#### [Exercise details]
The expected output is the data itself, duplicated in full.

#### [Data excerpts]
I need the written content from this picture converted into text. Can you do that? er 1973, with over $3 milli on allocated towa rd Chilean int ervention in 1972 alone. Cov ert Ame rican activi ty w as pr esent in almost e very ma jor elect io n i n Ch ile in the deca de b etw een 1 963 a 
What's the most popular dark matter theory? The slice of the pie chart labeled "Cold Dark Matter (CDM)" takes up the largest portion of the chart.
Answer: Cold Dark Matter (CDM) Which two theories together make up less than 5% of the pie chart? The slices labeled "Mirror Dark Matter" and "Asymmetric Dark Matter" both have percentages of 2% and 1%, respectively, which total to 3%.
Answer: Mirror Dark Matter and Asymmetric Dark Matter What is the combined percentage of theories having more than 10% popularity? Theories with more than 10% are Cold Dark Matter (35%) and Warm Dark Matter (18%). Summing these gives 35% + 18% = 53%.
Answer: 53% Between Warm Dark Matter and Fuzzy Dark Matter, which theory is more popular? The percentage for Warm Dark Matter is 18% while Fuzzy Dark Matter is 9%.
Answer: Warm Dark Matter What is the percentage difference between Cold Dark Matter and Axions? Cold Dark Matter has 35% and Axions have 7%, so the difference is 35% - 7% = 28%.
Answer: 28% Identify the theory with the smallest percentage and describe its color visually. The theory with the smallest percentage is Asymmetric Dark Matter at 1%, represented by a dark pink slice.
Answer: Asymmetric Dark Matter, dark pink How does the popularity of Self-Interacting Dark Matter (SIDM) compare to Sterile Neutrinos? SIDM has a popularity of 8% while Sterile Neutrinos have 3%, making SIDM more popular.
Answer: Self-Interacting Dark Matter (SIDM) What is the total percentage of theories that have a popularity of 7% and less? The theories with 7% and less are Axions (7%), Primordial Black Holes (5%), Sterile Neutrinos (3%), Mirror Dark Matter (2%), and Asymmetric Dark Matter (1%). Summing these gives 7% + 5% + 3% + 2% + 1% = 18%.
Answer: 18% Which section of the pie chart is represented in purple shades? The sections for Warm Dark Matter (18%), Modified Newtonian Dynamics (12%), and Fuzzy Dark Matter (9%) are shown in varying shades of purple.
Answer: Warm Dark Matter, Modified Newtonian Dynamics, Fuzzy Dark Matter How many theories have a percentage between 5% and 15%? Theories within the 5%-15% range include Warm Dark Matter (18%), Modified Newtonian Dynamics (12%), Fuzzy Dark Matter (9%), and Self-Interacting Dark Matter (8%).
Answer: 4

#### [Answer to this exercise]
I need the written content from this picture converted into text. Can you do that? er 1973, with over $3 milli on allocated towa rd Chilean int ervention in 1972 alone. Cov ert Ame rican activi ty w as pr esent in almost e very ma jor elect io n i n Ch ile in the deca de b etw een 1 963 a 
What's the most popular dark matter theory? The slice of the pie chart labeled "Cold Dark Matter (CDM)" takes up the largest portion of the chart.
Answer: Cold Dark Matter (CDM) Which two theories together make up less than 5% of the pie chart? The slices labeled "Mirror Dark Matter" and "Asymmetric Dark Matter" both have percentages of 2% and 1%, respectively, which total to 3%.
Answer: Mirror Dark Matter and Asymmetric Dark Matter What is the combined percentage of theories having more than 10% popularity? Theories with more than 10% are Cold Dark Matter (35%) and Warm Dark Matter (18%). Summing these gives 35% + 18% = 53%.
Answer: 53% Between Warm Dark Matter and Fuzzy Dark Matter, which theory is more popular? The percentage for Warm Dark Matter is 18% while Fuzzy Dark Matter is 9%.
Answer: Warm Dark Matter What is the percentage difference between Cold Dark Matter and Axions? Cold Dark Matter has 35% and Axions have 7%, so the difference is 35% - 7% = 28%.
Answer: 28% Identify the theory with the smallest percentage and describe its color visually. The theory with the smallest percentage is Asymmetric Dark Matter at 1%, represented by a dark pink slice.
Answer: Asymmetric Dark Matter, dark pink How does the popularity of Self-Interacting Dark Matter (SIDM) compare to Sterile Neutrinos? SIDM has a popularity of 8% while Sterile Neutrinos have 3%, making SIDM more popular.
Answer: Self-Interacting Dark Matter (SIDM) What is the total percentage of theories that have a popularity of 7% and less? The theories with 7% and less are Axions (7%), Primordial Black Holes (5%), Sterile Neutrinos (3%), Mirror Dark Matter (2%), and Asymmetric Dark Matter (1%). Summing these gives 7% + 5% + 3% + 2% + 1% = 18%.
Answer: 18% Which section of the pie chart is represented in purple shades? The sections for Warm Dark Matter (18%), Modified Newtonian Dynamics (12%), and Fuzzy Dark Matter (9%) are shown in varying shades of purple.
Answer: Warm Dark Matter, Modified Newtonian Dynamics, Fuzzy Dark Matter How many theories have a percentage between 5% and 15%? Theories within the 5%-15% range include Warm Dark Matter (18%), Modified Newtonian Dynamics (12%), Fuzzy Dark Matter (9%), and Self-Interacting Dark Matter (8%).
Answer: 4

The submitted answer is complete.